Segment Start: Data section
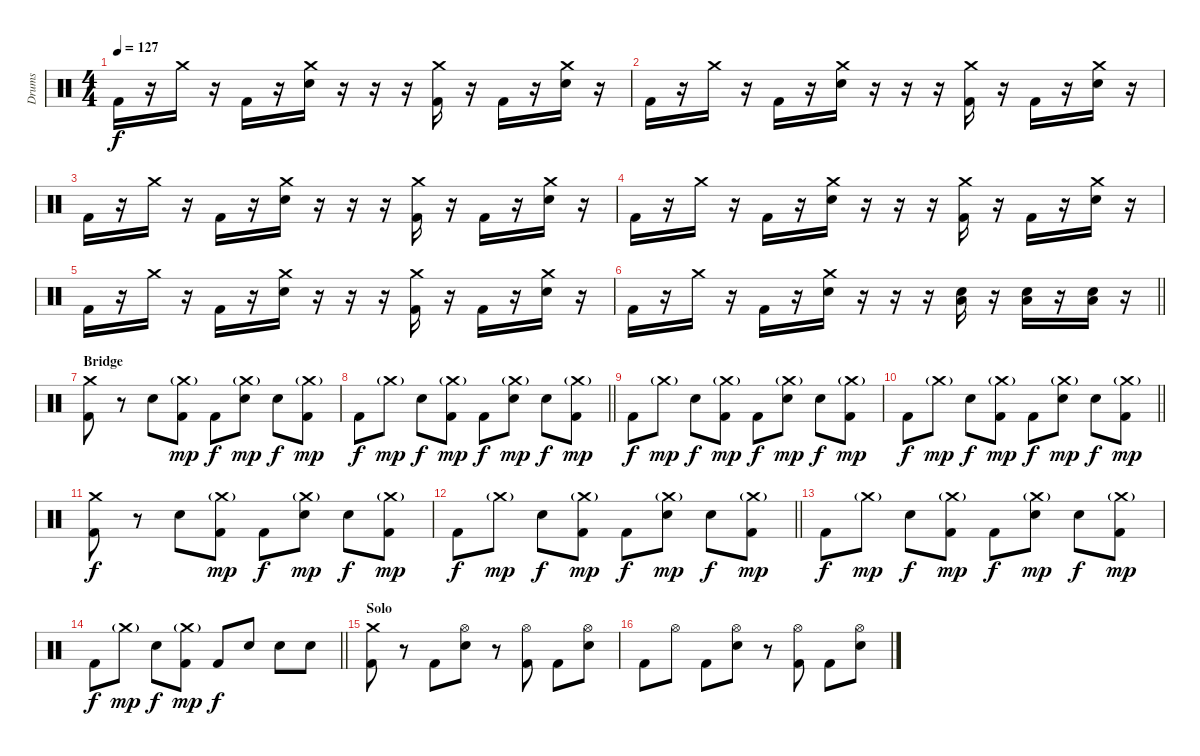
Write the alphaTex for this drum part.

\track ("Drums" "Drums") {instrument percussion}
\staff {score}
\articulation defaults
\ts (4 4)
\tempo 127
\clef neutral
\ks c "Kick (hit) 2".16{dy f}
r.16 "Crash medium (hit)".16 r.16 "Kick (hit) 2".16 r.16 ("Crash medium (hit)" "Electric Snare (hit)").16 r.16 r.16 r.16 ("Crash medium (hit)" "Kick (hit) 2").16 r.16 "Kick (hit) 2".16 r.16 ("Crash medium (hit)" "Electric Snare (hit)").16 r.16 |
"Kick (hit) 2".16 r.16 "Crash medium (hit)".16 r.16 "Kick (hit) 2".16 r.16 ("Crash medium (hit)" "Electric Snare (hit)").16 r.16 r.16 r.16 ("Crash medium (hit)" "Kick (hit) 2").16 r.16 "Kick (hit) 2".16 r.16 ("Crash medium (hit)" "Electric Snare (hit)").16 r.16 |
"Kick (hit) 2".16 r.16 "Crash medium (hit)".16 r.16 "Kick (hit) 2".16 r.16 ("Crash medium (hit)" "Electric Snare (hit)").16 r.16 r.16 r.16 ("Crash medium (hit)" "Kick (hit) 2").16 r.16 "Kick (hit) 2".16 r.16 ("Crash medium (hit)" "Electric Snare (hit)").16 r.16 |
"Kick (hit) 2".16 r.16 "Crash medium (hit)".16 r.16 "Kick (hit) 2".16 r.16 ("Crash medium (hit)" "Electric Snare (hit)").16 r.16 r.16 r.16 ("Crash medium (hit)" "Kick (hit) 2").16 r.16 "Kick (hit) 2".16 r.16 ("Crash medium (hit)" "Electric Snare (hit)").16 r.16 |
"Kick (hit) 2".16 r.16 "Crash medium (hit)".16 r.16 "Kick (hit) 2".16 r.16 ("Crash medium (hit)" "Electric Snare (hit)").16 r.16 r.16 r.16 ("Crash medium (hit)" "Kick (hit) 2").16 r.16 "Kick (hit) 2".16 r.16 ("Crash medium (hit)" "Electric Snare (hit)").16 r.16 |
\barLineRight lightlight "Kick (hit) 2".16
r.16 "Crash medium (hit)".16 r.16 "Kick (hit) 2".16 r.16 ("Crash medium (hit)" "Electric Snare (hit)").16 r.16 r.16 r.16 ("Low Floor Tom (hit)" "Electric Snare (hit)").16 r.16 ("Low Floor Tom (hit)" "Electric Snare (hit)").16 r.16 ("Low Floor Tom (hit)" "Electric Snare (hit)").16 r.16 |
\section ("" "Bridge")
("Crash medium (hit)" "Kick (hit) 2").8 r.8 "Electric Snare (hit)".8 ("Crash medium (hit)"{g} "Kick (hit) 2").8{dy mp} "Kick (hit) 2".8{dy f} ("Crash medium (hit)"{g} "Electric Snare (hit)").8{dy mp} "Electric Snare (hit)".8{dy f} ("Crash medium (hit)"{g} "Kick (hit) 2").8{dy mp} |
\barLineRight lightlight "Kick (hit) 2".8{dy f} "Crash medium (hit)"{g}.8{dy mp} "Electric Snare (hit)".8{dy f}
("Crash medium (hit)"{g} "Kick (hit) 2").8{dy mp} "Kick (hit) 2".8{dy f} ("Crash medium (hit)"{g} "Electric Snare (hit)").8{dy mp} "Electric Snare (hit)".8{dy f} ("Crash medium (hit)"{g} "Kick (hit) 2").8{dy mp} |
"Kick (hit) 2".8{dy f} "Crash medium (hit)"{g}.8{dy mp} "Electric Snare (hit)".8{dy f} ("Crash medium (hit)"{g} "Kick (hit) 2").8{dy mp} "Kick (hit) 2".8{dy f} ("Crash medium (hit)"{g} "Electric Snare (hit)").8{dy mp} "Electric Snare (hit)".8{dy f} ("Crash medium (hit)"{g} "Kick (hit) 2").8{dy mp} |
\barLineRight lightlight "Kick (hit) 2".8{dy f} "Crash medium (hit)"{g}.8{dy mp} "Electric Snare (hit)".8{dy f}
("Crash medium (hit)"{g} "Kick (hit) 2").8{dy mp} "Kick (hit) 2".8{dy f} ("Crash medium (hit)"{g} "Electric Snare (hit)").8{dy mp} "Electric Snare (hit)".8{dy f} ("Crash medium (hit)"{g} "Kick (hit) 2").8{dy mp} |
("Crash medium (hit)" "Kick (hit) 2").8{dy f} r.8 "Electric Snare (hit)".8 ("Crash medium (hit)"{g} "Kick (hit) 2").8{dy mp} "Kick (hit) 2".8{dy f} ("Crash medium (hit)"{g} "Electric Snare (hit)").8{dy mp} "Electric Snare (hit)".8{dy f} ("Crash medium (hit)"{g} "Kick (hit) 2").8{dy mp} |
\barLineRight lightlight "Kick (hit) 2".8{dy f} "Crash medium (hit)"{g}.8{dy mp} "Electric Snare (hit)".8{dy f}
("Crash medium (hit)"{g} "Kick (hit) 2").8{dy mp} "Kick (hit) 2".8{dy f} ("Crash medium (hit)"{g} "Electric Snare (hit)").8{dy mp} "Electric Snare (hit)".8{dy f} ("Crash medium (hit)"{g} "Kick (hit) 2").8{dy mp} |
"Kick (hit) 2".8{dy f} "Crash medium (hit)"{g}.8{dy mp} "Electric Snare (hit)".8{dy f} ("Crash medium (hit)"{g} "Kick (hit) 2").8{dy mp} "Kick (hit) 2".8{dy f} ("Crash medium (hit)"{g} "Electric Snare (hit)").8{dy mp} "Electric Snare (hit)".8{dy f} ("Crash medium (hit)"{g} "Kick (hit) 2").8{dy mp} |
\barLineRight lightlight "Kick (hit) 2".8{dy f} "Crash medium (hit)"{g}.8{dy mp} "Electric Snare (hit)".8{dy f}
("Crash medium (hit)"{g} "Kick (hit) 2").8{dy mp} "Kick (hit) 2".8{dy f} "Electric Snare (hit)".8 "Electric Snare (hit)".8 "Electric Snare (hit)".8 |
\section ("" "Solo")
("Crash medium (hit)" "Kick (hit) 2").8 r.8 "Kick (hit) 2".8 ("Hi-Hat (open)" "Electric Snare (hit)").8 r.8 ("Hi-Hat (open)" "Kick (hit) 2").8 "Kick (hit) 2".8 ("Hi-Hat (open)" "Electric Snare (hit)").8 |
"Kick (hit) 2".8 "Hi-Hat (open)".8 "Kick (hit) 2".8 ("Hi-Hat (open)" "Electric Snare (hit)").8 r.8 ("Hi-Hat (open)" "Kick (hit) 2").8 "Kick (hit) 2".8 ("Hi-Hat (open)" "Electric Snare (hit)").8
Segment End: Data section
**What you will do**
Without including any image, reproduce the full listing above as written.

**Exercise result**
Write the alphaTex for this drum part.

\track ("Drums" "Drums") {instrument percussion}
\staff {score}
\articulation defaults
\ts (4 4)
\tempo 127
\clef neutral
\ks c "Kick (hit) 2".16{dy f}
r.16 "Crash medium (hit)".16 r.16 "Kick (hit) 2".16 r.16 ("Crash medium (hit)" "Electric Snare (hit)").16 r.16 r.16 r.16 ("Crash medium (hit)" "Kick (hit) 2").16 r.16 "Kick (hit) 2".16 r.16 ("Crash medium (hit)" "Electric Snare (hit)").16 r.16 |
"Kick (hit) 2".16 r.16 "Crash medium (hit)".16 r.16 "Kick (hit) 2".16 r.16 ("Crash medium (hit)" "Electric Snare (hit)").16 r.16 r.16 r.16 ("Crash medium (hit)" "Kick (hit) 2").16 r.16 "Kick (hit) 2".16 r.16 ("Crash medium (hit)" "Electric Snare (hit)").16 r.16 |
"Kick (hit) 2".16 r.16 "Crash medium (hit)".16 r.16 "Kick (hit) 2".16 r.16 ("Crash medium (hit)" "Electric Snare (hit)").16 r.16 r.16 r.16 ("Crash medium (hit)" "Kick (hit) 2").16 r.16 "Kick (hit) 2".16 r.16 ("Crash medium (hit)" "Electric Snare (hit)").16 r.16 |
"Kick (hit) 2".16 r.16 "Crash medium (hit)".16 r.16 "Kick (hit) 2".16 r.16 ("Crash medium (hit)" "Electric Snare (hit)").16 r.16 r.16 r.16 ("Crash medium (hit)" "Kick (hit) 2").16 r.16 "Kick (hit) 2".16 r.16 ("Crash medium (hit)" "Electric Snare (hit)").16 r.16 |
"Kick (hit) 2".16 r.16 "Crash medium (hit)".16 r.16 "Kick (hit) 2".16 r.16 ("Crash medium (hit)" "Electric Snare (hit)").16 r.16 r.16 r.16 ("Crash medium (hit)" "Kick (hit) 2").16 r.16 "Kick (hit) 2".16 r.16 ("Crash medium (hit)" "Electric Snare (hit)").16 r.16 |
\barLineRight lightlight "Kick (hit) 2".16
r.16 "Crash medium (hit)".16 r.16 "Kick (hit) 2".16 r.16 ("Crash medium (hit)" "Electric Snare (hit)").16 r.16 r.16 r.16 ("Low Floor Tom (hit)" "Electric Snare (hit)").16 r.16 ("Low Floor Tom (hit)" "Electric Snare (hit)").16 r.16 ("Low Floor Tom (hit)" "Electric Snare (hit)").16 r.16 |
\section ("" "Bridge")
("Crash medium (hit)" "Kick (hit) 2").8 r.8 "Electric Snare (hit)".8 ("Crash medium (hit)"{g} "Kick (hit) 2").8{dy mp} "Kick (hit) 2".8{dy f} ("Crash medium (hit)"{g} "Electric Snare (hit)").8{dy mp} "Electric Snare (hit)".8{dy f} ("Crash medium (hit)"{g} "Kick (hit) 2").8{dy mp} |
\barLineRight lightlight "Kick (hit) 2".8{dy f} "Crash medium (hit)"{g}.8{dy mp} "Electric Snare (hit)".8{dy f}
("Crash medium (hit)"{g} "Kick (hit) 2").8{dy mp} "Kick (hit) 2".8{dy f} ("Crash medium (hit)"{g} "Electric Snare (hit)").8{dy mp} "Electric Snare (hit)".8{dy f} ("Crash medium (hit)"{g} "Kick (hit) 2").8{dy mp} |
"Kick (hit) 2".8{dy f} "Crash medium (hit)"{g}.8{dy mp} "Electric Snare (hit)".8{dy f} ("Crash medium (hit)"{g} "Kick (hit) 2").8{dy mp} "Kick (hit) 2".8{dy f} ("Crash medium (hit)"{g} "Electric Snare (hit)").8{dy mp} "Electric Snare (hit)".8{dy f} ("Crash medium (hit)"{g} "Kick (hit) 2").8{dy mp} |
\barLineRight lightlight "Kick (hit) 2".8{dy f} "Crash medium (hit)"{g}.8{dy mp} "Electric Snare (hit)".8{dy f}
("Crash medium (hit)"{g} "Kick (hit) 2").8{dy mp} "Kick (hit) 2".8{dy f} ("Crash medium (hit)"{g} "Electric Snare (hit)").8{dy mp} "Electric Snare (hit)".8{dy f} ("Crash medium (hit)"{g} "Kick (hit) 2").8{dy mp} |
("Crash medium (hit)" "Kick (hit) 2").8{dy f} r.8 "Electric Snare (hit)".8 ("Crash medium (hit)"{g} "Kick (hit) 2").8{dy mp} "Kick (hit) 2".8{dy f} ("Crash medium (hit)"{g} "Electric Snare (hit)").8{dy mp} "Electric Snare (hit)".8{dy f} ("Crash medium (hit)"{g} "Kick (hit) 2").8{dy mp} |
\barLineRight lightlight "Kick (hit) 2".8{dy f} "Crash medium (hit)"{g}.8{dy mp} "Electric Snare (hit)".8{dy f}
("Crash medium (hit)"{g} "Kick (hit) 2").8{dy mp} "Kick (hit) 2".8{dy f} ("Crash medium (hit)"{g} "Electric Snare (hit)").8{dy mp} "Electric Snare (hit)".8{dy f} ("Crash medium (hit)"{g} "Kick (hit) 2").8{dy mp} |
"Kick (hit) 2".8{dy f} "Crash medium (hit)"{g}.8{dy mp} "Electric Snare (hit)".8{dy f} ("Crash medium (hit)"{g} "Kick (hit) 2").8{dy mp} "Kick (hit) 2".8{dy f} ("Crash medium (hit)"{g} "Electric Snare (hit)").8{dy mp} "Electric Snare (hit)".8{dy f} ("Crash medium (hit)"{g} "Kick (hit) 2").8{dy mp} |
\barLineRight lightlight "Kick (hit) 2".8{dy f} "Crash medium (hit)"{g}.8{dy mp} "Electric Snare (hit)".8{dy f}
("Crash medium (hit)"{g} "Kick (hit) 2").8{dy mp} "Kick (hit) 2".8{dy f} "Electric Snare (hit)".8 "Electric Snare (hit)".8 "Electric Snare (hit)".8 |
\section ("" "Solo")
("Crash medium (hit)" "Kick (hit) 2").8 r.8 "Kick (hit) 2".8 ("Hi-Hat (open)" "Electric Snare (hit)").8 r.8 ("Hi-Hat (open)" "Kick (hit) 2").8 "Kick (hit) 2".8 ("Hi-Hat (open)" "Electric Snare (hit)").8 |
"Kick (hit) 2".8 "Hi-Hat (open)".8 "Kick (hit) 2".8 ("Hi-Hat (open)" "Electric Snare (hit)").8 r.8 ("Hi-Hat (open)" "Kick (hit) 2").8 "Kick (hit) 2".8 ("Hi-Hat (open)" "Electric Snare (hit)").8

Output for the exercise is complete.